→ Task to carry out: Nothing but the lines from the start of the records through the line that contains "#6 toothpaste at [377, 212, 384, 218]" is to be copied, and each is to be copied exactly.

Data extracted from a collection:
═══
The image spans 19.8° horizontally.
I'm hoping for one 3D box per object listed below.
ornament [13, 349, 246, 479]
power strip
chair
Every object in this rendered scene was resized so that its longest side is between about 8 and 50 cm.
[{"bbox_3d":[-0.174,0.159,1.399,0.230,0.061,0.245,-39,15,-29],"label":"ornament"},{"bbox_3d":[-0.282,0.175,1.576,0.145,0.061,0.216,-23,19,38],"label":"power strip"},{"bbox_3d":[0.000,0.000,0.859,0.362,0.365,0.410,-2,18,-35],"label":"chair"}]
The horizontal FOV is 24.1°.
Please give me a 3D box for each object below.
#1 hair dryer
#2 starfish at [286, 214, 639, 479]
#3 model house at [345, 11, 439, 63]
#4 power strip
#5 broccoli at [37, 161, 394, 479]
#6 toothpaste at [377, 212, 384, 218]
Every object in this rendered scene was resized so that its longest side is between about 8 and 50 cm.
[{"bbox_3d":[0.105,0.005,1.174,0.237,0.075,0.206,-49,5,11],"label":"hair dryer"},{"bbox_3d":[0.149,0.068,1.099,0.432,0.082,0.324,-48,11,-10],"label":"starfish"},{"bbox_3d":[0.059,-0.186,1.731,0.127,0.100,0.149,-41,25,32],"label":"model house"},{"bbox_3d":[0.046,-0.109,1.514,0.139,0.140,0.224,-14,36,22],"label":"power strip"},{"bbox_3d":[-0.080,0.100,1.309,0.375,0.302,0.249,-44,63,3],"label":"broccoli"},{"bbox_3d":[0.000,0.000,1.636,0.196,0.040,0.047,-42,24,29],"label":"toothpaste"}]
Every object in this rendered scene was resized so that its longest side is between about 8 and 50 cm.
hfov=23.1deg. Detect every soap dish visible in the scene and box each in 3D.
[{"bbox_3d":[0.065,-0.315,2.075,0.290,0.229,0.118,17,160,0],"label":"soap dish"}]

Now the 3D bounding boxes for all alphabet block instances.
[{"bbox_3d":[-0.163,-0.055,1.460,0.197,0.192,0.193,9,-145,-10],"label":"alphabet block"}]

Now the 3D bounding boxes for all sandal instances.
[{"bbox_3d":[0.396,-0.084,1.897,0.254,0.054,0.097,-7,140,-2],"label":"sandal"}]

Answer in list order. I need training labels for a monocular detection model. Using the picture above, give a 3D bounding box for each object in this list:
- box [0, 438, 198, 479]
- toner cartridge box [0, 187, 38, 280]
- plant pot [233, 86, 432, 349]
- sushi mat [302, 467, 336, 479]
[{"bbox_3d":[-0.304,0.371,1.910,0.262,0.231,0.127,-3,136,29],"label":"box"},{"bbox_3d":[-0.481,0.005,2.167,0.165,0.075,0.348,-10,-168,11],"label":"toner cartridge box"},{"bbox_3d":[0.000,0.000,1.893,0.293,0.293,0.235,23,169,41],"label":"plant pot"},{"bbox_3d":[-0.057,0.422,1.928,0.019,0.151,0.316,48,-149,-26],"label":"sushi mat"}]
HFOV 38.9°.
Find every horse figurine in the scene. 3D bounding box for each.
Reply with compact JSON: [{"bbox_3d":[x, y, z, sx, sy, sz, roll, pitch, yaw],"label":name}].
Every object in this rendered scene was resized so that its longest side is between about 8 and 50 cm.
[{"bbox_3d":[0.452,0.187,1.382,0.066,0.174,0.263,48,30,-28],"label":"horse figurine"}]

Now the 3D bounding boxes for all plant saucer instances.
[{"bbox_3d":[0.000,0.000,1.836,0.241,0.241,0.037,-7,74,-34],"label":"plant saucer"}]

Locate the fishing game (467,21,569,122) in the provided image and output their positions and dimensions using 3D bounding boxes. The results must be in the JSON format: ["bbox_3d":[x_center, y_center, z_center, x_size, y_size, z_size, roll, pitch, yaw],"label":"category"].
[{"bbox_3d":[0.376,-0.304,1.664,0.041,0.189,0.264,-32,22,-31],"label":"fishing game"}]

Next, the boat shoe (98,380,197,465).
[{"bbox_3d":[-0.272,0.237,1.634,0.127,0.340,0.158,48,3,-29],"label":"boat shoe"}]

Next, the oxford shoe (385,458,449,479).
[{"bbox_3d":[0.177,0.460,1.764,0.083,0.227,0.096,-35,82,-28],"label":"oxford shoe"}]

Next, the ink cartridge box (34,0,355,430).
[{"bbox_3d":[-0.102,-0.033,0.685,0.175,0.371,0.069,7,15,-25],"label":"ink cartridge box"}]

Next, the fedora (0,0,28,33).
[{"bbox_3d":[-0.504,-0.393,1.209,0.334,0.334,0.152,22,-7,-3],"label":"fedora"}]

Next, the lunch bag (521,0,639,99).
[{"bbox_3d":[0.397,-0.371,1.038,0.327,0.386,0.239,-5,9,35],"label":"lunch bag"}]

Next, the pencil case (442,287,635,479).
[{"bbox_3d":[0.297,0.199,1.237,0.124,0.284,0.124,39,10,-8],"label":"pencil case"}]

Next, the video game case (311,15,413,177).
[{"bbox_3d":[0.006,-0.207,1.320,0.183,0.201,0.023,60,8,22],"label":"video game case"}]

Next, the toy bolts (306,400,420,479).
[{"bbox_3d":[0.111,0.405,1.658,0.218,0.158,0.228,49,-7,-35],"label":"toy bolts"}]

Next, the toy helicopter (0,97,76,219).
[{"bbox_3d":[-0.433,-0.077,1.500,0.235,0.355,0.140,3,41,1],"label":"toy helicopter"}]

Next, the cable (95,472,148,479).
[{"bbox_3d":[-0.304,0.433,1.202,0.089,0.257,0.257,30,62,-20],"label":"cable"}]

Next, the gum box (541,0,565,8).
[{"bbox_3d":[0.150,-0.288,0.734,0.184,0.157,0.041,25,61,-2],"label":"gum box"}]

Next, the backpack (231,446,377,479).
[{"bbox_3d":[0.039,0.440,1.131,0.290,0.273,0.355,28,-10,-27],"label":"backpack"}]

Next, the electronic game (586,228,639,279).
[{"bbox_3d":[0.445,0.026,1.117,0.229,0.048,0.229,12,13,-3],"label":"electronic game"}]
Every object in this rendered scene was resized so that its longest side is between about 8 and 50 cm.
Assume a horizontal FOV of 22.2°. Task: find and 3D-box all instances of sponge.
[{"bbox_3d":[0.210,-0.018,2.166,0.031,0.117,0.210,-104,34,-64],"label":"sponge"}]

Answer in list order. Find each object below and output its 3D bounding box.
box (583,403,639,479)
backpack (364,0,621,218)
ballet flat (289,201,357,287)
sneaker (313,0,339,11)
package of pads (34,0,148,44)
═══
→ Solution for this problem:
The image spans 19.8° horizontally.
I'm hoping for one 3D box per object listed below.
ornament [13, 349, 246, 479]
power strip
chair
Every object in this rendered scene was resized so that its longest side is between about 8 and 50 cm.
[{"bbox_3d":[-0.174,0.159,1.399,0.230,0.061,0.245,-39,15,-29],"label":"ornament"},{"bbox_3d":[-0.282,0.175,1.576,0.145,0.061,0.216,-23,19,38],"label":"power strip"},{"bbox_3d":[0.000,0.000,0.859,0.362,0.365,0.410,-2,18,-35],"label":"chair"}]
The horizontal FOV is 24.1°.
Please give me a 3D box for each object below.
#1 hair dryer
#2 starfish at [286, 214, 639, 479]
#3 model house at [345, 11, 439, 63]
#4 power strip
#5 broccoli at [37, 161, 394, 479]
#6 toothpaste at [377, 212, 384, 218]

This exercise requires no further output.